BRIEF.
Would you print the full listing word for word?

RECORD EXTRACTS.
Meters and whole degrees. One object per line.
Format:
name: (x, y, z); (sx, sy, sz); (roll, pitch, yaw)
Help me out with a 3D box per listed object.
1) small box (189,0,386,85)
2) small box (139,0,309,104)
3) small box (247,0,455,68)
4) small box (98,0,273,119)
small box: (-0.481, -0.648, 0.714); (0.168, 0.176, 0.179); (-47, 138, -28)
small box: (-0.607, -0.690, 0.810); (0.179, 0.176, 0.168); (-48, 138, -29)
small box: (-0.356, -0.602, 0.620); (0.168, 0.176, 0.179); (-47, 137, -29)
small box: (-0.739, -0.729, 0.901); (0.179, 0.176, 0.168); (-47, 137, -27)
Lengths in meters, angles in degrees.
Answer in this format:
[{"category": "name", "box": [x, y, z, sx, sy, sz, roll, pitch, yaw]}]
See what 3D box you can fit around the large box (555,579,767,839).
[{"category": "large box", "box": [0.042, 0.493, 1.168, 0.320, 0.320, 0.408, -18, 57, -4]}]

PROBLEM SOLUTION.
Meters and whole degrees. One object per line.
Format:
name: (x, y, z); (sx, sy, sz); (roll, pitch, yaw)
Help me out with a 3D box per listed object.
1) small box (189,0,386,85)
2) small box (139,0,309,104)
3) small box (247,0,455,68)
4) small box (98,0,273,119)
small box: (-0.481, -0.648, 0.714); (0.168, 0.176, 0.179); (-47, 138, -28)
small box: (-0.607, -0.690, 0.810); (0.179, 0.176, 0.168); (-48, 138, -29)
small box: (-0.356, -0.602, 0.620); (0.168, 0.176, 0.179); (-47, 137, -29)
small box: (-0.739, -0.729, 0.901); (0.179, 0.176, 0.168); (-47, 137, -27)
Lengths in meters, angles in degrees.
Answer in this format:
[{"category": "name", "box": [x, y, z, sx, sy, sz, roll, pitch, yaw]}]
See what 3D box you can fit around the large box (555,579,767,839).
[{"category": "large box", "box": [0.042, 0.493, 1.168, 0.320, 0.320, 0.408, -18, 57, -4]}]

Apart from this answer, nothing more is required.